__To do__
With pictures omitted, copy exactly every line from the one that contains "The height and" to the end of the listing below.
Data to use: Begin
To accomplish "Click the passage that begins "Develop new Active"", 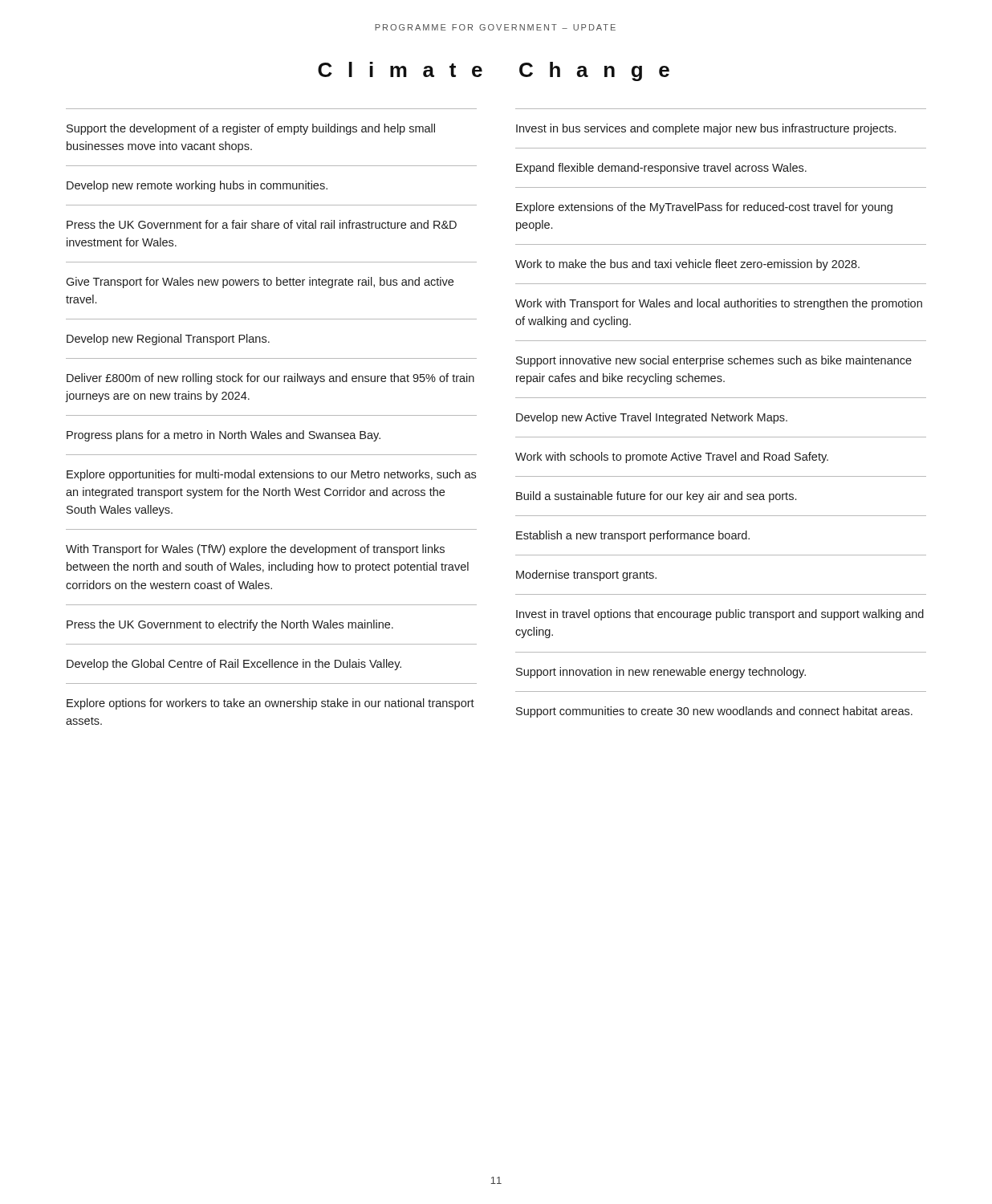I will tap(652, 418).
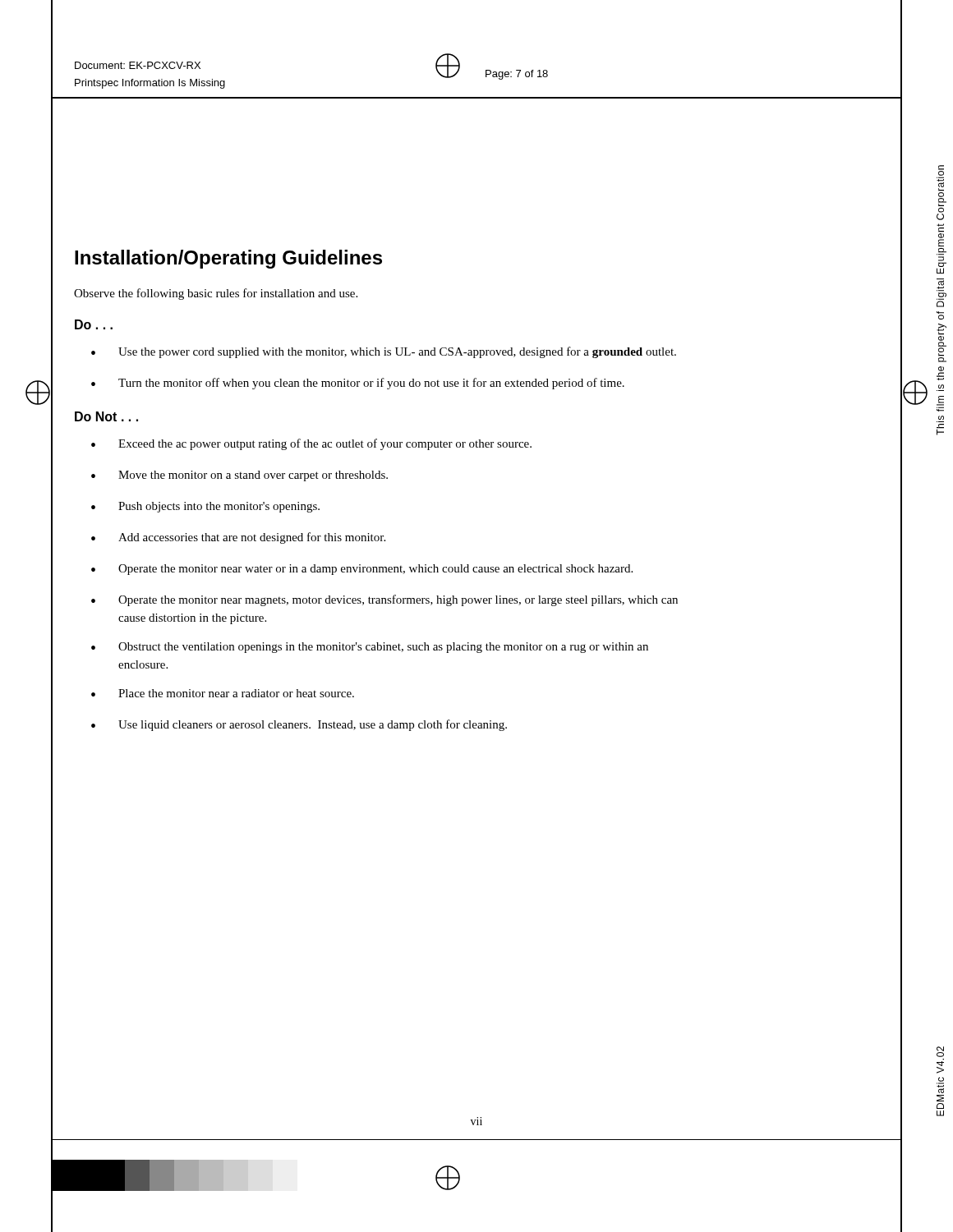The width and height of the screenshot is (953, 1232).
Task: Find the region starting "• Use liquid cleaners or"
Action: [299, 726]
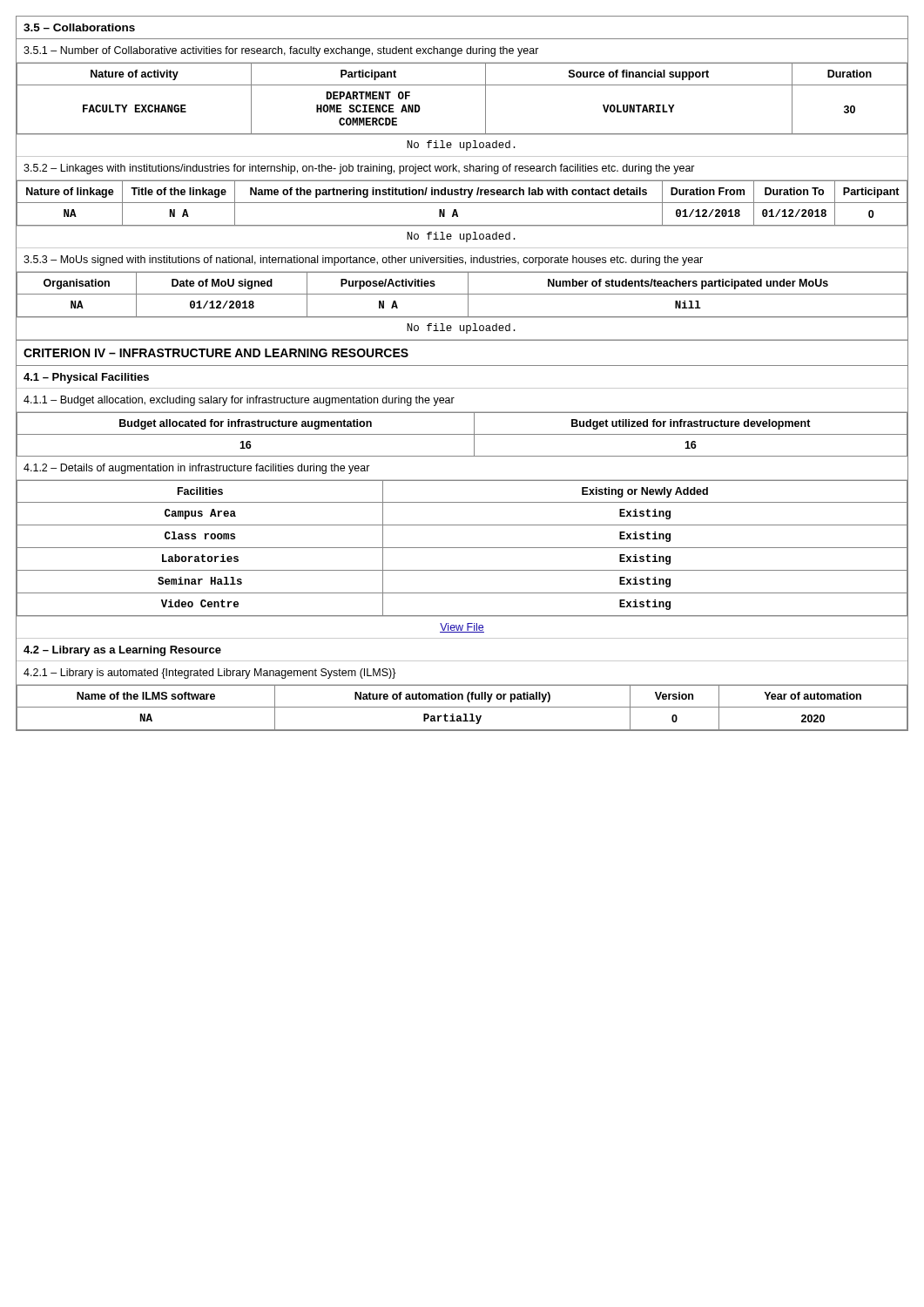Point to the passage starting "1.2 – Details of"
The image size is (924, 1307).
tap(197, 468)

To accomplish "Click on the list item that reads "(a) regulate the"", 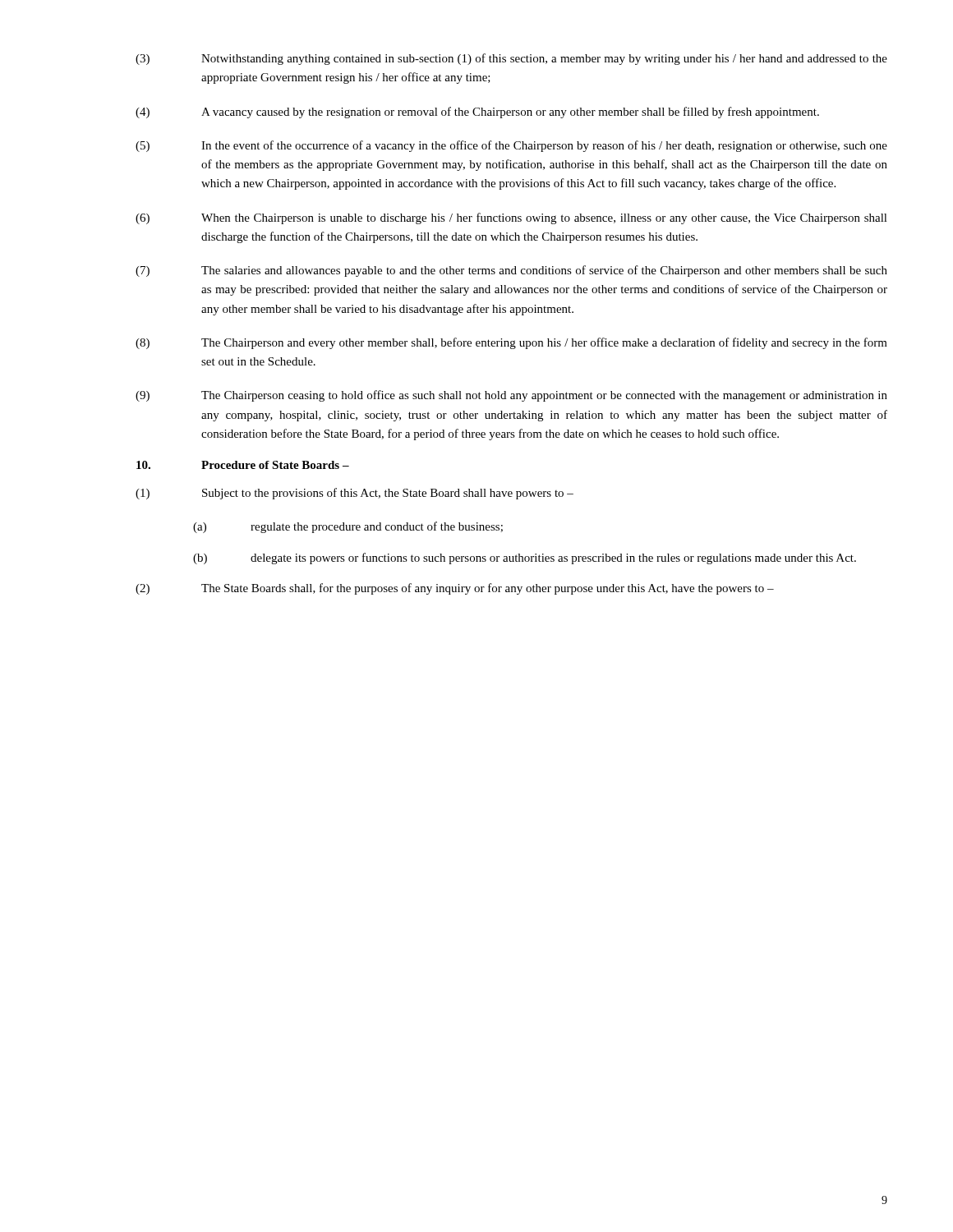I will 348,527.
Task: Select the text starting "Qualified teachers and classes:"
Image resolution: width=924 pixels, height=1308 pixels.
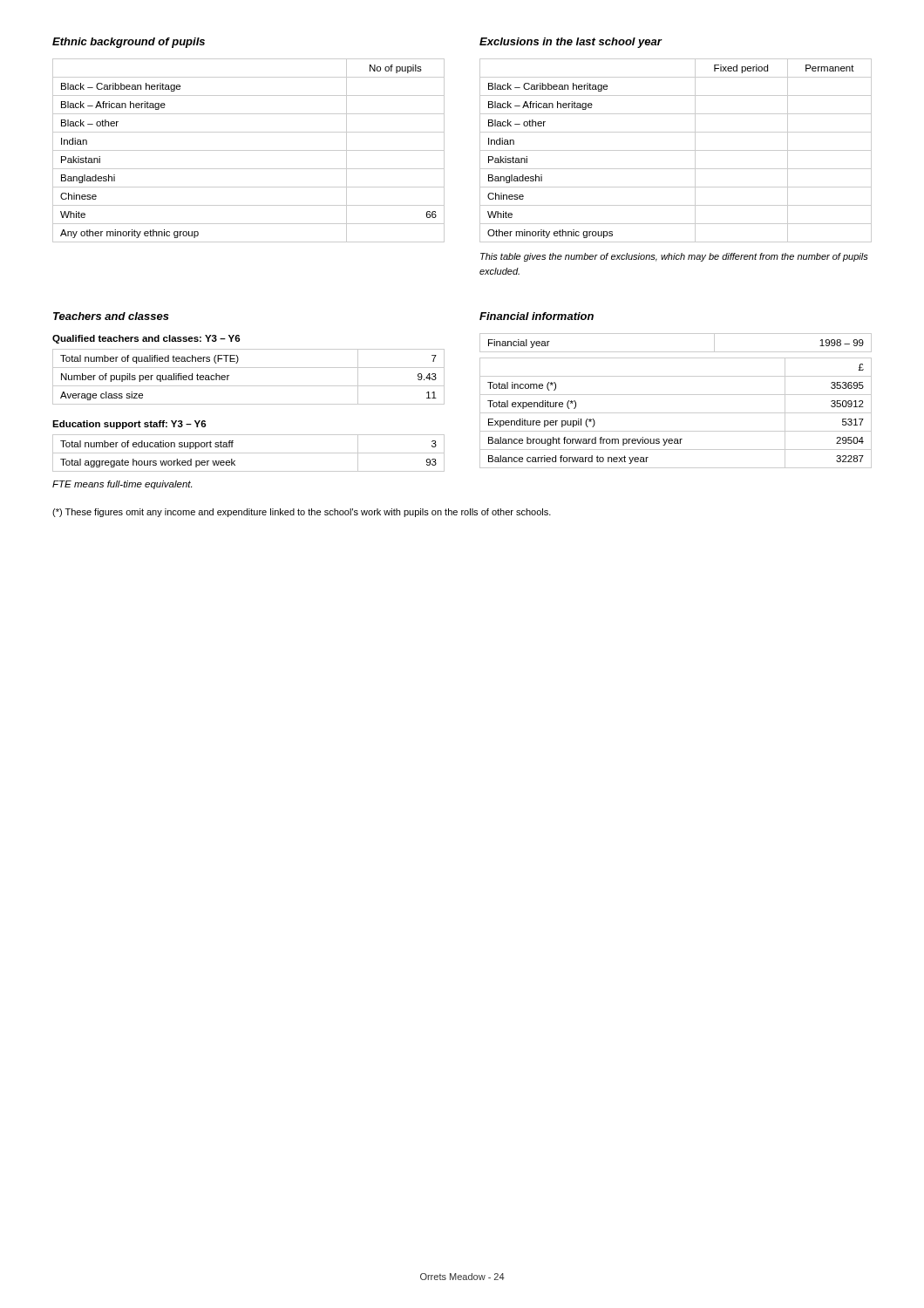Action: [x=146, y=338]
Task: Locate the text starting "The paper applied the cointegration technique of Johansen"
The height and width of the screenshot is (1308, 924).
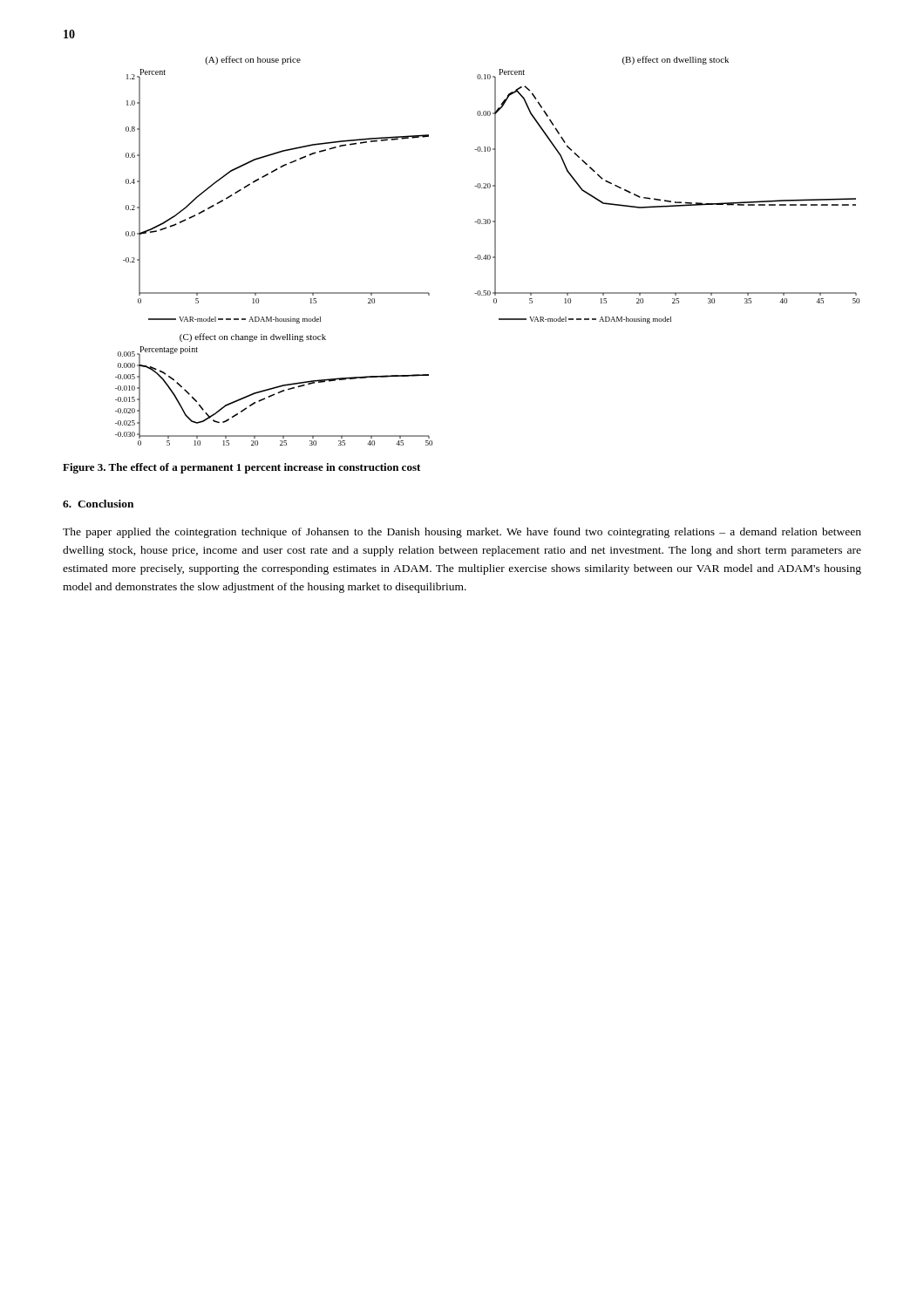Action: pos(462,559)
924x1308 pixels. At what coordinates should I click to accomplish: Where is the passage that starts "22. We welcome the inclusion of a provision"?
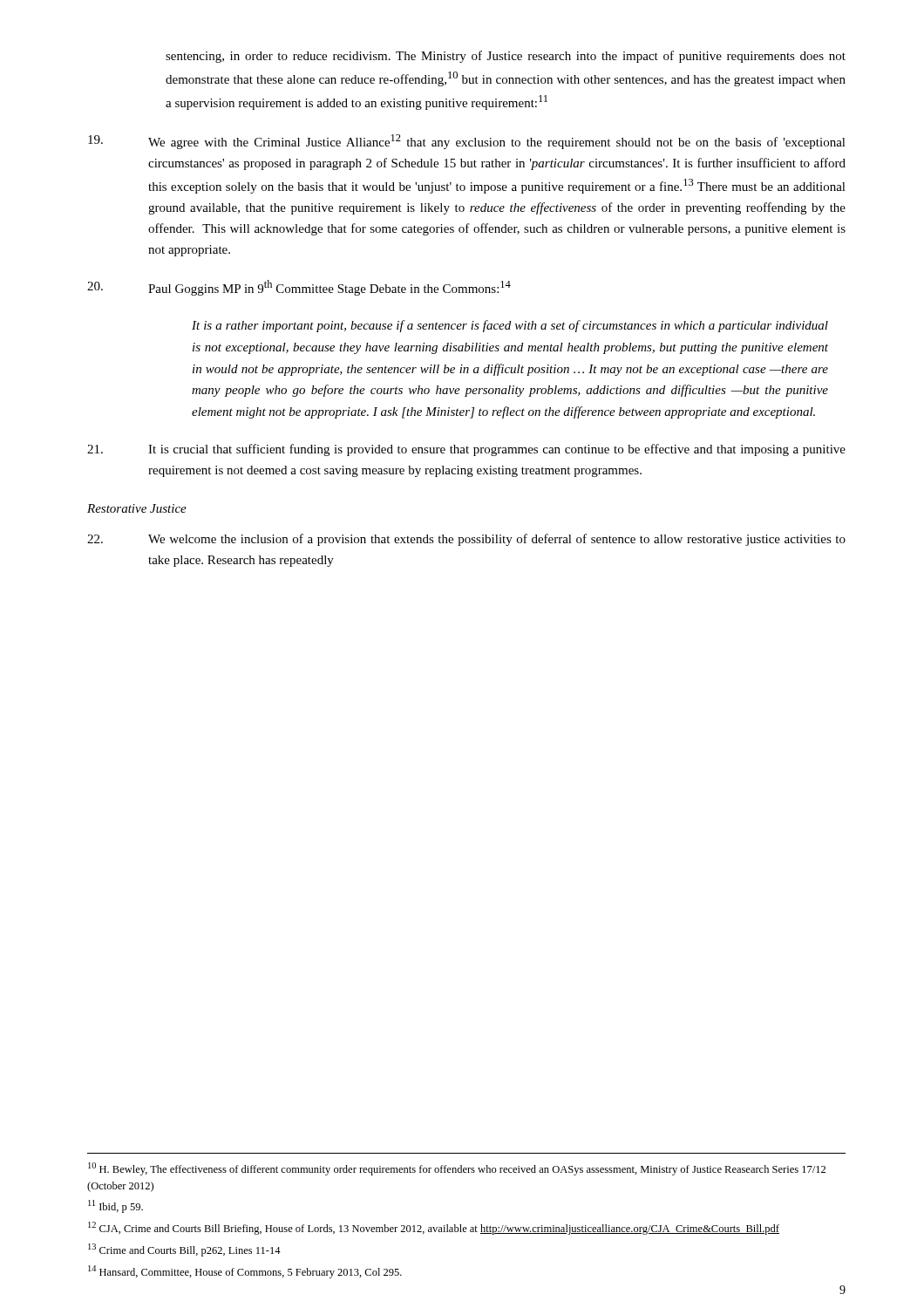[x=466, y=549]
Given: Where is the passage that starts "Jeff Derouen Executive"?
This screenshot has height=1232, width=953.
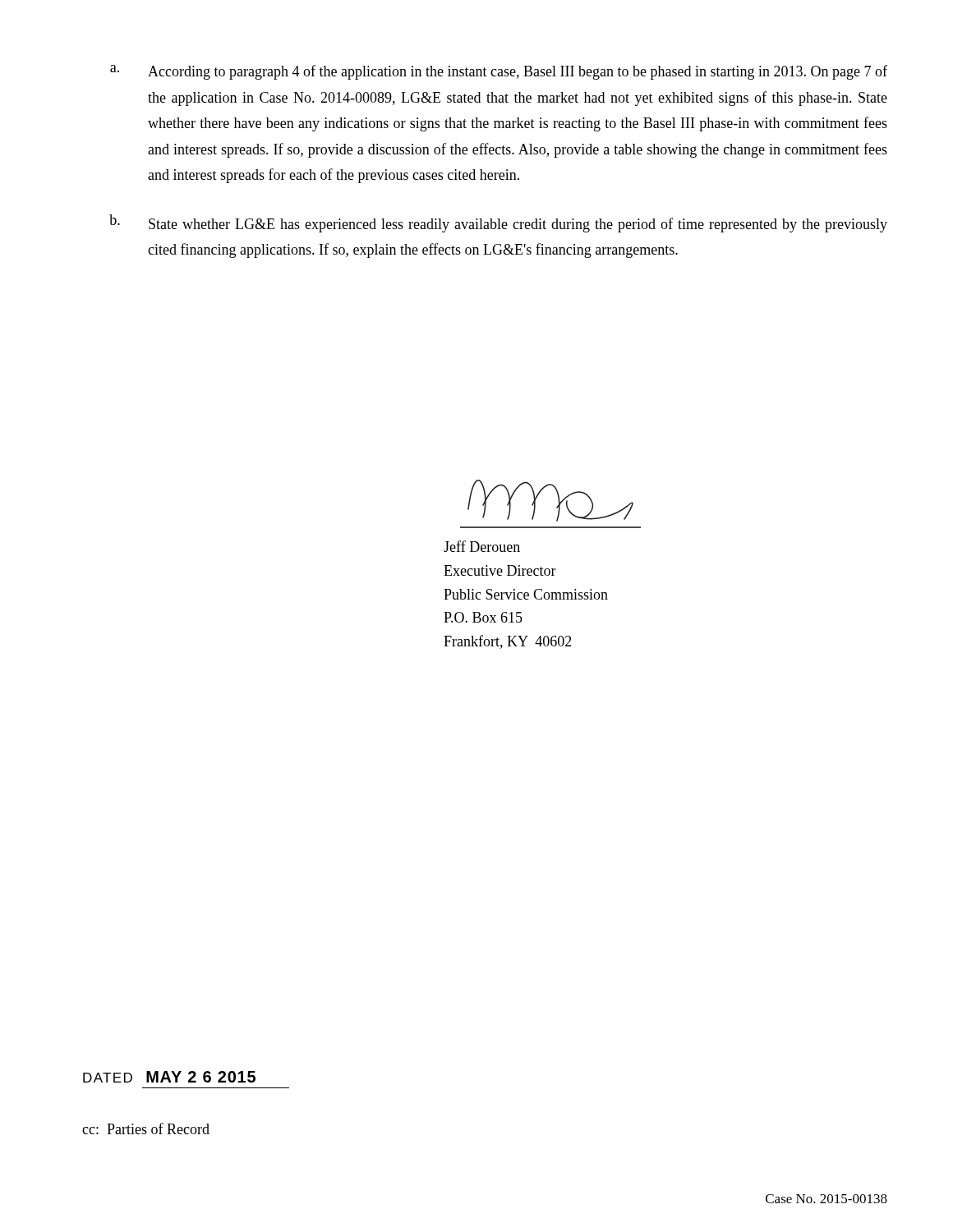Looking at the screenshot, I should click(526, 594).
Data to use: End
__Output for this exercise__
The height and width of the screenshot is (1308, 924).
Action: pos(462,559)
924x1308 pixels. At what coordinates should I click to accomplish: Where is the passage that starts "22. We welcome the inclusion of a provision"?
[x=466, y=549]
Given: Where is the passage that starts "Jeff Derouen Executive"?
This screenshot has height=1232, width=953.
Looking at the screenshot, I should click(526, 594).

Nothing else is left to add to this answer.